Tabii ki de öpmedim!
Onun boynuna atladım ve hıçkırıklara boğuldum. Ellerini belime koydu ve benim de ona yaptığım gibi kafasını boyun girintime koydu.
"Onları veya seni kaybetme korkusuyla yaşayamam!" dedim ve yerdeki silahı alıp karşısına geçtim.
"Hatırlar mısın kehaneti, meleği ya da şeytanı öldüren korur dünyanın dengesini. Ölümüne şahit olan hisseder acıyı, kederi. Ama tek biri vardır ki onlar ölse bile yaşatmaya çalışacaktır kalplerini. O kişi de küçükken katledildi." gözyaşlarım yanaklarımdan akarken ona baktım. Silahı alırken ondan ayrılmış ve karşısında dimdik durmuştum.
" Ama iyiliği kötülük öldürmemeli. Yada köyülük iyiliği. Çünkü türü ne olursa olsun çekemez bu gücün verdiği eksikliği. O yüzden Yiğit, şimdi sen vur beni de çekmesin kimse acı, hissetmesin hüzün ya da keder" dedim ve silahı ona uzattım.
"Peki hatırlar mısın sevmek istediklerini. İstemez misin tekrar gelmeyi?" dedi ve bana doğru bir adım attı. Ben de gerileyince sırtım duvara çarptı ve beni duvarla arasına aldı.
"Ceren, Duru, Melek, ben ya da değer verdiğin başka kişiler ölmeyecek Bade. Ne zamanki inanmayı bıraktın, o zaman tek tek kopacaksınız. İşte bu yüzden de bir daha intihar girişiminde bulunmayacaksın!" dedi. Gözlerinde gördüğüm parıltı sanki öpmek istiyor da ben istemem diye kendini zorluyordu.
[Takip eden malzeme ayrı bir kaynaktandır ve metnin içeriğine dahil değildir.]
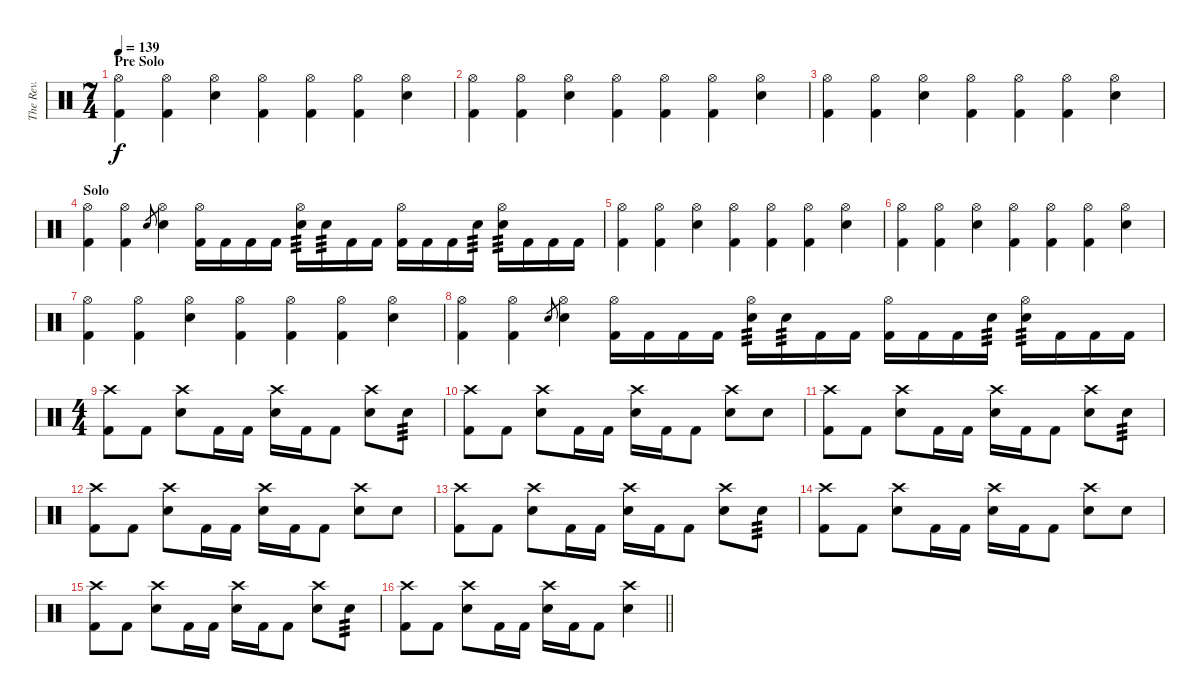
\track ("The Rev." "The Rev.") {instrument percussion}
\staff {score}
\articulation defaults
\ts (7 4)
\section ("" "Pre Solo")
\tempo 139
\clef neutral
\ks c
("Hi-Hat (open)" "Kick (hit) 2").4{dy f} ("Hi-Hat (open)" "Kick (hit) 2").4 ("Hi-Hat (open)" "Electric Snare (hit)").4 ("Hi-Hat (open)" "Kick (hit) 2").4 ("Hi-Hat (open)" "Kick (hit) 2").4 ("Hi-Hat (open)" "Kick (hit) 2").4 ("Hi-Hat (open)" "Electric Snare (hit)").4 |
("Hi-Hat (open)" "Kick (hit) 2").4 ("Hi-Hat (open)" "Kick (hit) 2").4 ("Hi-Hat (open)" "Electric Snare (hit)").4 ("Hi-Hat (open)" "Kick (hit) 2").4 ("Hi-Hat (open)" "Kick (hit) 2").4 ("Hi-Hat (open)" "Kick (hit) 2").4 ("Hi-Hat (open)" "Electric Snare (hit)").4 |
("Hi-Hat (open)" "Kick (hit) 2").4 ("Hi-Hat (open)" "Kick (hit) 2").4 ("Hi-Hat (open)" "Electric Snare (hit)").4 ("Hi-Hat (open)" "Kick (hit) 2").4 ("Hi-Hat (open)" "Kick (hit) 2").4 ("Hi-Hat (open)" "Kick (hit) 2").4 ("Hi-Hat (open)" "Electric Snare (hit)").4 |
\section ("" "Solo")
("Hi-Hat (open)" "Kick (hit) 2").4 ("Hi-Hat (open)" "Kick (hit) 2").4 "Electric Snare (hit)".8{gr} ("Hi-Hat (open)" "Electric Snare (hit)").4 ("Hi-Hat (open)" "Kick (hit) 2").16 "Kick (hit) 2".16 "Kick (hit) 2".16 "Kick (hit) 2".16 ("Hi-Hat (open)" "Electric Snare (hit)").16{tp 3} "Electric Snare (hit)".16{tp 3} "Kick (hit) 2".16 "Kick (hit) 2".16 ("Hi-Hat (open)" "Kick (hit) 2").16 "Kick (hit) 2".16 "Kick (hit) 2".16 "Electric Snare (hit)".16{tp 3} ("Hi-Hat (open)" "Electric Snare (hit)").16{tp 3} "Kick (hit) 2".16 "Kick (hit) 2".16 "Kick (hit) 2".16 |
("Hi-Hat (open)" "Kick (hit) 2").4 ("Hi-Hat (open)" "Kick (hit) 2").4 ("Hi-Hat (open)" "Electric Snare (hit)").4 ("Hi-Hat (open)" "Kick (hit) 2").4 ("Hi-Hat (open)" "Kick (hit) 2").4 ("Hi-Hat (open)" "Kick (hit) 2").4 ("Hi-Hat (open)" "Electric Snare (hit)").4 |
("Hi-Hat (open)" "Kick (hit) 2").4 ("Hi-Hat (open)" "Kick (hit) 2").4 ("Hi-Hat (open)" "Electric Snare (hit)").4 ("Hi-Hat (open)" "Kick (hit) 2").4 ("Hi-Hat (open)" "Kick (hit) 2").4 ("Hi-Hat (open)" "Kick (hit) 2").4 ("Hi-Hat (open)" "Electric Snare (hit)").4 |
("Hi-Hat (open)" "Kick (hit) 2").4 ("Hi-Hat (open)" "Kick (hit) 2").4 ("Hi-Hat (open)" "Electric Snare (hit)").4 ("Hi-Hat (open)" "Kick (hit) 2").4 ("Hi-Hat (open)" "Kick (hit) 2").4 ("Hi-Hat (open)" "Kick (hit) 2").4 ("Hi-Hat (open)" "Electric Snare (hit)").4 |
("Hi-Hat (open)" "Kick (hit) 2").4 ("Hi-Hat (open)" "Kick (hit) 2").4 "Electric Snare (hit)".8{gr} ("Hi-Hat (open)" "Electric Snare (hit)").4 ("Hi-Hat (open)" "Kick (hit) 2").16 "Kick (hit) 2".16 "Kick (hit) 2".16 "Kick (hit) 2".16 ("Hi-Hat (open)" "Electric Snare (hit)").16{tp 3} "Electric Snare (hit)".16{tp 3} "Kick (hit) 2".16 "Kick (hit) 2".16 ("Hi-Hat (open)" "Kick (hit) 2").16 "Kick (hit) 2".16 "Kick (hit) 2".16 "Electric Snare (hit)".16{tp 3} ("Hi-Hat (open)" "Electric Snare (hit)").16{tp 3} "Kick (hit) 2".16 "Kick (hit) 2".16 "Kick (hit) 2".16 |
\ts (4 4)
("Crash high (hit)" "Kick (hit) 2").8 "Kick (hit) 2".8 ("Crash high (hit)" "Electric Snare (hit)").8 "Kick (hit) 2".16 "Kick (hit) 2".16 ("Crash high (hit)" "Electric Snare (hit)").16 "Kick (hit) 2".16 "Kick (hit) 2".8 ("Crash high (hit)" "Electric Snare (hit)").8 "Electric Snare (hit)".8{tp 3} |
("Crash high (hit)" "Kick (hit) 2").8 "Kick (hit) 2".8 ("Crash high (hit)" "Electric Snare (hit)").8 "Kick (hit) 2".16 "Kick (hit) 2".16 ("Crash high (hit)" "Electric Snare (hit)").16 "Kick (hit) 2".16 "Kick (hit) 2".8 ("Crash high (hit)" "Electric Snare (hit)").8 "Electric Snare (hit)".8 |
("Crash high (hit)" "Kick (hit) 2").8 "Kick (hit) 2".8 ("Crash high (hit)" "Electric Snare (hit)").8 "Kick (hit) 2".16 "Kick (hit) 2".16 ("Crash high (hit)" "Electric Snare (hit)").16 "Kick (hit) 2".16 "Kick (hit) 2".8 ("Crash high (hit)" "Electric Snare (hit)").8 "Electric Snare (hit)".8{tp 3} |
("Crash high (hit)" "Kick (hit) 2").8 "Kick (hit) 2".8 ("Crash high (hit)" "Electric Snare (hit)").8 "Kick (hit) 2".16 "Kick (hit) 2".16 ("Crash high (hit)" "Electric Snare (hit)").16 "Kick (hit) 2".16 "Kick (hit) 2".8 ("Crash high (hit)" "Electric Snare (hit)").8 "Electric Snare (hit)".8 |
("Crash high (hit)" "Kick (hit) 2").8 "Kick (hit) 2".8 ("Crash high (hit)" "Electric Snare (hit)").8 "Kick (hit) 2".16 "Kick (hit) 2".16 ("Crash high (hit)" "Electric Snare (hit)").16 "Kick (hit) 2".16 "Kick (hit) 2".8 ("Crash high (hit)" "Electric Snare (hit)").8 "Electric Snare (hit)".8{tp 3} |
("Crash high (hit)" "Kick (hit) 2").8 "Kick (hit) 2".8 ("Crash high (hit)" "Electric Snare (hit)").8 "Kick (hit) 2".16 "Kick (hit) 2".16 ("Crash high (hit)" "Electric Snare (hit)").16 "Kick (hit) 2".16 "Kick (hit) 2".8 ("Crash high (hit)" "Electric Snare (hit)").8 "Electric Snare (hit)".8 |
("Crash high (hit)" "Kick (hit) 2").8 "Kick (hit) 2".8 ("Crash high (hit)" "Electric Snare (hit)").8 "Kick (hit) 2".16 "Kick (hit) 2".16 ("Crash high (hit)" "Electric Snare (hit)").16 "Kick (hit) 2".16 "Kick (hit) 2".8 ("Crash high (hit)" "Electric Snare (hit)").8 "Electric Snare (hit)".8{tp 3} |
\barLineRight lightlight
("Crash high (hit)" "Kick (hit) 2").8 "Kick (hit) 2".8 ("Crash high (hit)" "Electric Snare (hit)").8 "Kick (hit) 2".16 "Kick (hit) 2".16 ("Crash high (hit)" "Electric Snare (hit)").16 "Kick (hit) 2".16 "Kick (hit) 2".8 ("Crash high (hit)" "Electric Snare (hit)").4

" Şu an ne yapmak istiyorsun? "dedim yavaşça. O an dudaklarımda hissettiğim baskıyla ona olan sevgim arttı. 10 yıldan uzun bir süredir beni sevdiğini biliyordum. Dudağımdan ayrıldı ve bana tekrar sarıldı.
" Şu an tek istediğim şey senin kalbindeki kırıkları onarmak. "dediğinde hafifçe tebessüm ettim.
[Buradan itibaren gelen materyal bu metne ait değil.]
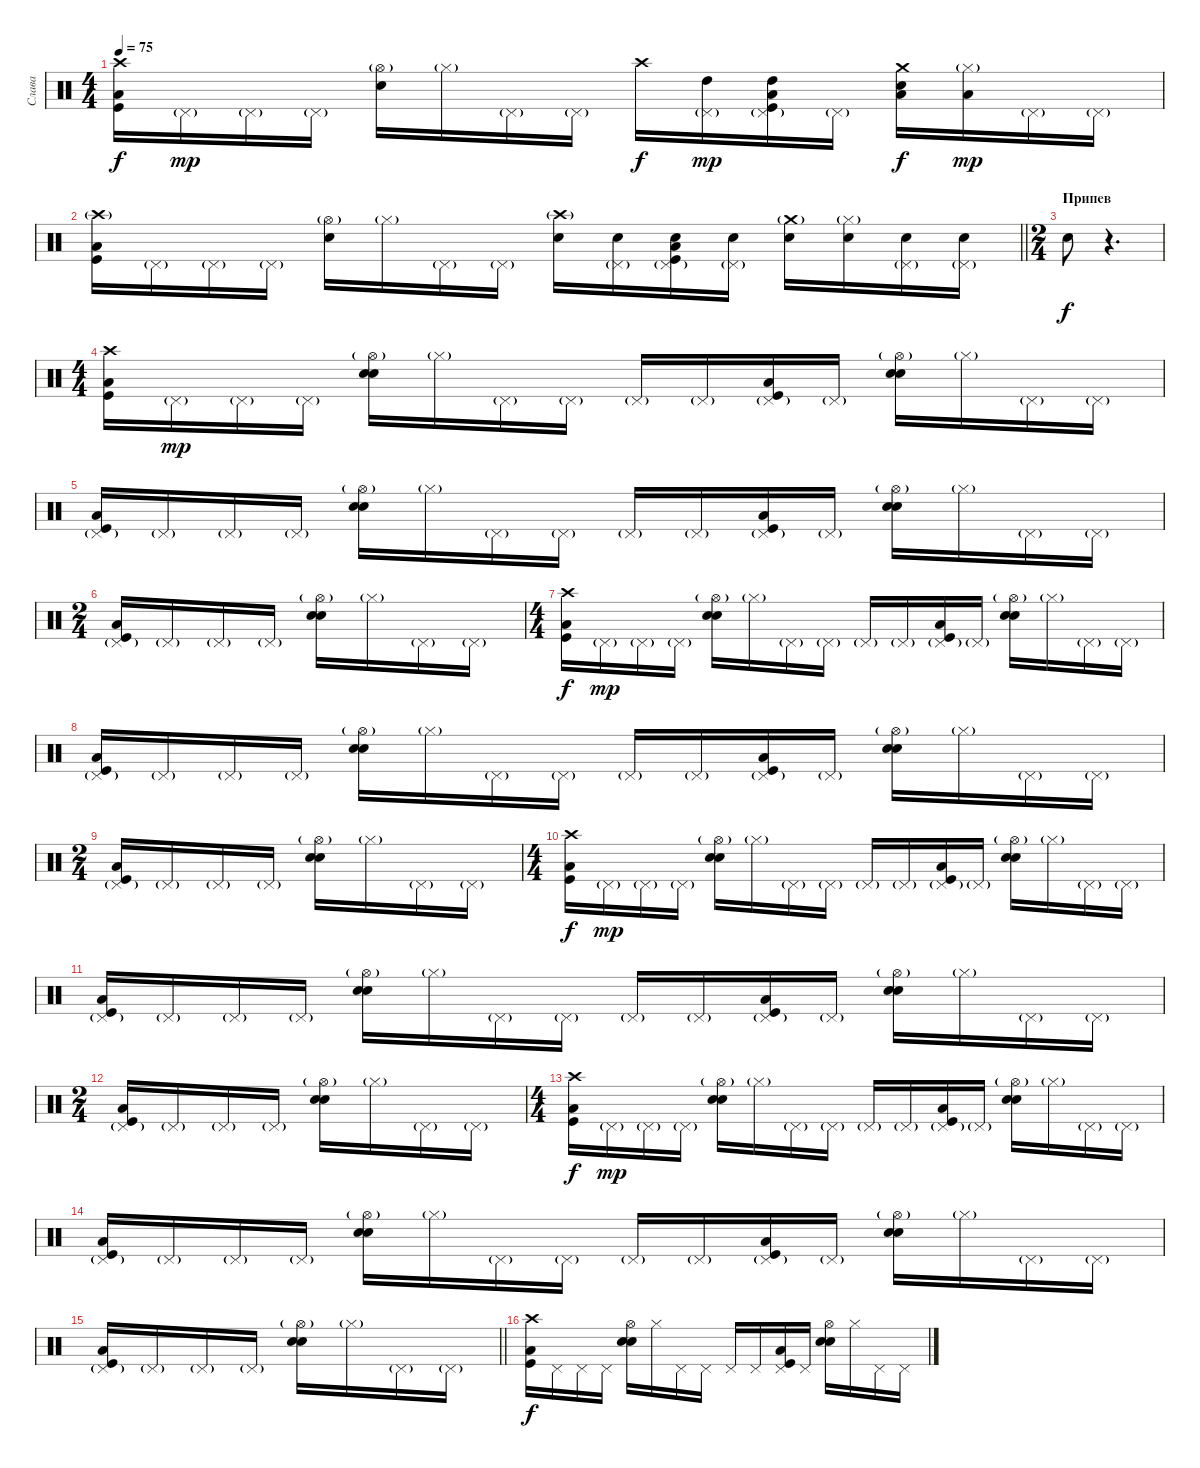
\track ("Слава" "Слава") {instrument percussion}
\staff {score}
\articulation defaults
\ts (4 4)
\tempo 75
\clef neutral
\ks c
("Crash high (hit)" "Low Tom (hit)" "Kick (hit)").16{dy f} "Pedal Hi-Hat (hit)"{g}.16{dy mp} "Pedal Hi-Hat (hit)"{g}.16 "Pedal Hi-Hat (hit)"{g}.16 ("Hi-Hat (open)"{g} "Snare (hit) 2").16 "Hi-Hat (closed)"{g}.16 "Pedal Hi-Hat (hit)"{g}.16 "Pedal Hi-Hat (hit)"{g}.16 "Crash high (hit)".16{dy f} ("Pedal Hi-Hat (hit)"{g} "High Tom (hit)").16{dy mp} ("Pedal Hi-Hat (hit)"{g} "High Tom (hit)" "Low Tom (hit)" "Kick (hit)").16 "Pedal Hi-Hat (hit)"{g}.16 ("Crash medium (hit)" "Low Tom (hit)" "Snare (hit) 2").16{dy f} ("Hi-Hat (closed)"{g} "Low Tom (hit)").16{dy mp} "Pedal Hi-Hat (hit)"{g}.16 "Pedal Hi-Hat (hit)"{g}.16 |
\barLineRight lightlight
("Crash high (hit)"{g} "Low Tom (hit)" "Kick (hit)").16 "Pedal Hi-Hat (hit)"{g}.16 "Pedal Hi-Hat (hit)"{g}.16 "Pedal Hi-Hat (hit)"{g}.16 ("Hi-Hat (open)"{g} "Snare (hit) 2").16 "Hi-Hat (closed)"{g}.16 "Pedal Hi-Hat (hit)"{g}.16 "Pedal Hi-Hat (hit)"{g}.16 ("Crash high (hit)"{g} "Snare (hit) 2").16 ("Pedal Hi-Hat (hit)"{g} "Snare (hit) 2").16 ("Pedal Hi-Hat (hit)"{g} "Snare (hit) 2" "Low Tom (hit)" "Kick (hit)").16 ("Pedal Hi-Hat (hit)"{g} "Snare (hit) 2").16 ("Crash medium (hit)"{g} "Electric Snare (hit)").16 ("Hi-Hat (closed)"{g} "Electric Snare (hit)").16 ("Pedal Hi-Hat (hit)"{g} "Electric Snare (hit)").16 ("Pedal Hi-Hat (hit)"{g} "Electric Snare (hit)").16 |
\ts (2 4)
\section ("" "Припев")
"Electric Snare (hit)".8{dy f} r.4{d} |
\ts (4 4)
("Crash high (hit)" "Low Tom (hit)" "Kick (hit)").16 "Pedal Hi-Hat (hit)"{g}.16{dy mp} "Pedal Hi-Hat (hit)"{g}.16 "Pedal Hi-Hat (hit)"{g}.16 ("Hi-Hat (open)"{g} "Electric Snare (hit)" "Snare (hit) 2").16 "Hi-Hat (closed)"{g}.16 "Pedal Hi-Hat (hit)"{g}.16 "Pedal Hi-Hat (hit)"{g}.16 "Pedal Hi-Hat (hit)"{g}.16 "Pedal Hi-Hat (hit)"{g}.16 ("Pedal Hi-Hat (hit)"{g} "Low Tom (hit)" "Kick (hit)").16 "Pedal Hi-Hat (hit)"{g}.16 ("Hi-Hat (open)"{g} "Electric Snare (hit)" "Snare (hit) 2").16 "Hi-Hat (closed)"{g}.16 "Pedal Hi-Hat (hit)"{g}.16 "Pedal Hi-Hat (hit)"{g}.16 |
("Pedal Hi-Hat (hit)"{g} "Low Tom (hit)" "Kick (hit)").16 "Pedal Hi-Hat (hit)"{g}.16 "Pedal Hi-Hat (hit)"{g}.16 "Pedal Hi-Hat (hit)"{g}.16 ("Hi-Hat (open)"{g} "Electric Snare (hit)" "Snare (hit) 2").16 "Hi-Hat (closed)"{g}.16 "Pedal Hi-Hat (hit)"{g}.16 "Pedal Hi-Hat (hit)"{g}.16 "Pedal Hi-Hat (hit)"{g}.16 "Pedal Hi-Hat (hit)"{g}.16 ("Pedal Hi-Hat (hit)"{g} "Low Tom (hit)" "Kick (hit)").16 "Pedal Hi-Hat (hit)"{g}.16 ("Hi-Hat (open)"{g} "Electric Snare (hit)" "Snare (hit) 2").16 "Hi-Hat (closed)"{g}.16 "Pedal Hi-Hat (hit)"{g}.16 "Pedal Hi-Hat (hit)"{g}.16 |
\ts (2 4)
("Pedal Hi-Hat (hit)"{g} "Low Tom (hit)" "Kick (hit)").16 "Pedal Hi-Hat (hit)"{g}.16 "Pedal Hi-Hat (hit)"{g}.16 "Pedal Hi-Hat (hit)"{g}.16 ("Hi-Hat (open)"{g} "Electric Snare (hit)" "Snare (hit) 2").16 "Hi-Hat (closed)"{g}.16 "Pedal Hi-Hat (hit)"{g}.16 "Pedal Hi-Hat (hit)"{g}.16 |
\ts (4 4)
("Crash high (hit)" "Low Tom (hit)" "Kick (hit)").16{dy f} "Pedal Hi-Hat (hit)"{g}.16{dy mp} "Pedal Hi-Hat (hit)"{g}.16 "Pedal Hi-Hat (hit)"{g}.16 ("Hi-Hat (open)"{g} "Electric Snare (hit)" "Snare (hit) 2").16 "Hi-Hat (closed)"{g}.16 "Pedal Hi-Hat (hit)"{g}.16 "Pedal Hi-Hat (hit)"{g}.16 "Pedal Hi-Hat (hit)"{g}.16 "Pedal Hi-Hat (hit)"{g}.16 ("Pedal Hi-Hat (hit)"{g} "Low Tom (hit)" "Kick (hit)").16 "Pedal Hi-Hat (hit)"{g}.16 ("Hi-Hat (open)"{g} "Electric Snare (hit)" "Snare (hit) 2").16 "Hi-Hat (closed)"{g}.16 "Pedal Hi-Hat (hit)"{g}.16 "Pedal Hi-Hat (hit)"{g}.16 |
("Pedal Hi-Hat (hit)"{g} "Low Tom (hit)" "Kick (hit)").16 "Pedal Hi-Hat (hit)"{g}.16 "Pedal Hi-Hat (hit)"{g}.16 "Pedal Hi-Hat (hit)"{g}.16 ("Hi-Hat (open)"{g} "Electric Snare (hit)" "Snare (hit) 2").16 "Hi-Hat (closed)"{g}.16 "Pedal Hi-Hat (hit)"{g}.16 "Pedal Hi-Hat (hit)"{g}.16 "Pedal Hi-Hat (hit)"{g}.16 "Pedal Hi-Hat (hit)"{g}.16 ("Pedal Hi-Hat (hit)"{g} "Low Tom (hit)" "Kick (hit)").16 "Pedal Hi-Hat (hit)"{g}.16 ("Hi-Hat (open)"{g} "Electric Snare (hit)" "Snare (hit) 2").16 "Hi-Hat (closed)"{g}.16 "Pedal Hi-Hat (hit)"{g}.16 "Pedal Hi-Hat (hit)"{g}.16 |
\ts (2 4)
("Pedal Hi-Hat (hit)"{g} "Low Tom (hit)" "Kick (hit)").16 "Pedal Hi-Hat (hit)"{g}.16 "Pedal Hi-Hat (hit)"{g}.16 "Pedal Hi-Hat (hit)"{g}.16 ("Hi-Hat (open)"{g} "Electric Snare (hit)" "Snare (hit) 2").16 "Hi-Hat (closed)"{g}.16 "Pedal Hi-Hat (hit)"{g}.16 "Pedal Hi-Hat (hit)"{g}.16 |
\ts (4 4)
("Crash high (hit)" "Low Tom (hit)" "Kick (hit)").16{dy f} "Pedal Hi-Hat (hit)"{g}.16{dy mp} "Pedal Hi-Hat (hit)"{g}.16 "Pedal Hi-Hat (hit)"{g}.16 ("Hi-Hat (open)"{g} "Electric Snare (hit)" "Snare (hit) 2").16 "Hi-Hat (closed)"{g}.16 "Pedal Hi-Hat (hit)"{g}.16 "Pedal Hi-Hat (hit)"{g}.16 "Pedal Hi-Hat (hit)"{g}.16 "Pedal Hi-Hat (hit)"{g}.16 ("Pedal Hi-Hat (hit)"{g} "Low Tom (hit)" "Kick (hit)").16 "Pedal Hi-Hat (hit)"{g}.16 ("Hi-Hat (open)"{g} "Electric Snare (hit)" "Snare (hit) 2").16 "Hi-Hat (closed)"{g}.16 "Pedal Hi-Hat (hit)"{g}.16 "Pedal Hi-Hat (hit)"{g}.16 |
("Pedal Hi-Hat (hit)"{g} "Low Tom (hit)" "Kick (hit)").16 "Pedal Hi-Hat (hit)"{g}.16 "Pedal Hi-Hat (hit)"{g}.16 "Pedal Hi-Hat (hit)"{g}.16 ("Hi-Hat (open)"{g} "Electric Snare (hit)" "Snare (hit) 2").16 "Hi-Hat (closed)"{g}.16 "Pedal Hi-Hat (hit)"{g}.16 "Pedal Hi-Hat (hit)"{g}.16 "Pedal Hi-Hat (hit)"{g}.16 "Pedal Hi-Hat (hit)"{g}.16 ("Pedal Hi-Hat (hit)"{g} "Low Tom (hit)" "Kick (hit)").16 "Pedal Hi-Hat (hit)"{g}.16 ("Hi-Hat (open)"{g} "Electric Snare (hit)" "Snare (hit) 2").16 "Hi-Hat (closed)"{g}.16 "Pedal Hi-Hat (hit)"{g}.16 "Pedal Hi-Hat (hit)"{g}.16 |
\ts (2 4)
("Pedal Hi-Hat (hit)"{g} "Low Tom (hit)" "Kick (hit)").16 "Pedal Hi-Hat (hit)"{g}.16 "Pedal Hi-Hat (hit)"{g}.16 "Pedal Hi-Hat (hit)"{g}.16 ("Hi-Hat (open)"{g} "Electric Snare (hit)" "Snare (hit) 2").16 "Hi-Hat (closed)"{g}.16 "Pedal Hi-Hat (hit)"{g}.16 "Pedal Hi-Hat (hit)"{g}.16 |
\ts (4 4)
("Crash high (hit)" "Low Tom (hit)" "Kick (hit)").16{dy f} "Pedal Hi-Hat (hit)"{g}.16{dy mp} "Pedal Hi-Hat (hit)"{g}.16 "Pedal Hi-Hat (hit)"{g}.16 ("Hi-Hat (open)"{g} "Electric Snare (hit)" "Snare (hit) 2").16 "Hi-Hat (closed)"{g}.16 "Pedal Hi-Hat (hit)"{g}.16 "Pedal Hi-Hat (hit)"{g}.16 "Pedal Hi-Hat (hit)"{g}.16 "Pedal Hi-Hat (hit)"{g}.16 ("Pedal Hi-Hat (hit)"{g} "Low Tom (hit)" "Kick (hit)").16 "Pedal Hi-Hat (hit)"{g}.16 ("Hi-Hat (open)"{g} "Electric Snare (hit)" "Snare (hit) 2").16 "Hi-Hat (closed)"{g}.16 "Pedal Hi-Hat (hit)"{g}.16 "Pedal Hi-Hat (hit)"{g}.16 |
("Pedal Hi-Hat (hit)"{g} "Low Tom (hit)" "Kick (hit)").16 "Pedal Hi-Hat (hit)"{g}.16 "Pedal Hi-Hat (hit)"{g}.16 "Pedal Hi-Hat (hit)"{g}.16 ("Hi-Hat (open)"{g} "Electric Snare (hit)" "Snare (hit) 2").16 "Hi-Hat (closed)"{g}.16 "Pedal Hi-Hat (hit)"{g}.16 "Pedal Hi-Hat (hit)"{g}.16 "Pedal Hi-Hat (hit)"{g}.16 "Pedal Hi-Hat (hit)"{g}.16 ("Pedal Hi-Hat (hit)"{g} "Low Tom (hit)" "Kick (hit)").16 "Pedal Hi-Hat (hit)"{g}.16 ("Hi-Hat (open)"{g} "Electric Snare (hit)" "Snare (hit) 2").16 "Hi-Hat (closed)"{g}.16 "Pedal Hi-Hat (hit)"{g}.16 "Pedal Hi-Hat (hit)"{g}.16 |
\barLineRight lightlight
("Pedal Hi-Hat (hit)"{g} "Low Tom (hit)" "Kick (hit)").16 "Pedal Hi-Hat (hit)"{g}.16 "Pedal Hi-Hat (hit)"{g}.16 "Pedal Hi-Hat (hit)"{g}.16 ("Hi-Hat (open)"{g} "Electric Snare (hit)" "Snare (hit) 2").16 "Hi-Hat (closed)"{g}.16 "Pedal Hi-Hat (hit)"{g}.16 "Pedal Hi-Hat (hit)"{g}.16 |
("Crash high (hit)" "Low Tom (hit)" "Kick (hit)").16{dy f} "Pedal Hi-Hat (hit)".16 "Pedal Hi-Hat (hit)".16 "Pedal Hi-Hat (hit)".16 ("Hi-Hat (open)" "Electric Snare (hit)" "Snare (hit) 2").16 "Hi-Hat (closed)".16 "Pedal Hi-Hat (hit)".16 "Pedal Hi-Hat (hit)".16 "Pedal Hi-Hat (hit)".16 "Pedal Hi-Hat (hit)".16 ("Pedal Hi-Hat (hit)" "Low Tom (hit)" "Kick (hit)").16 "Pedal Hi-Hat (hit)".16 ("Hi-Hat (open)" "Electric Snare (hit)" "Snare (hit) 2").16 "Hi-Hat (closed)".16 "Pedal Hi-Hat (hit)".16 "Pedal Hi-Hat (hit)".16

" Benim isteklerimi merak eder misin? "diye mırıldandım.
" Senin isteklerin benimkinden daha önemli. "dedi. Ondan ayrıldım ve acı tebessümümle Ceren'in yanına oturdum.
Yiğit'ten
Eninde sonunda koparabilmiştim bağlarını. Ne Atlas seviyordu Bade'yi, ne de Bade seviyordu Atlas'ı. Melek de beni değil Atlas'ı seviyordu. Aynı şekilde Atlas Melek'i seviyordu. Yani planım mükemmel işledi. Ama anlaşılmaması gerekiyordu. Bu yüzden de Bade bugün bana bağlanmış gibi oldu. Atlas da aynı şekilde Melek'e bağlandı. Yani artık bir düzen değişti ve bir de devir kapattık.
Bade Ceren'in elini tuttu ve buruk bir tebessüm bıraktı. Ceren ve Duru'yu gerçekten de Mary'lere benzeyen ve çok güçlü olduğu için de Dawnların ilk olarak dikkatini çekecek kişiler seçmiştim. Ve onlara çok az kişinin kolaylıkla taşıdığı kadar çok güç vermiştim. Ayrıca Ceren'e Mars'ı, Duru'ya da Jüpiter 'i bebekken bırakmıştım. En azından Atlas ablası sandıkları tarafından korunduğunu bilmiyordu.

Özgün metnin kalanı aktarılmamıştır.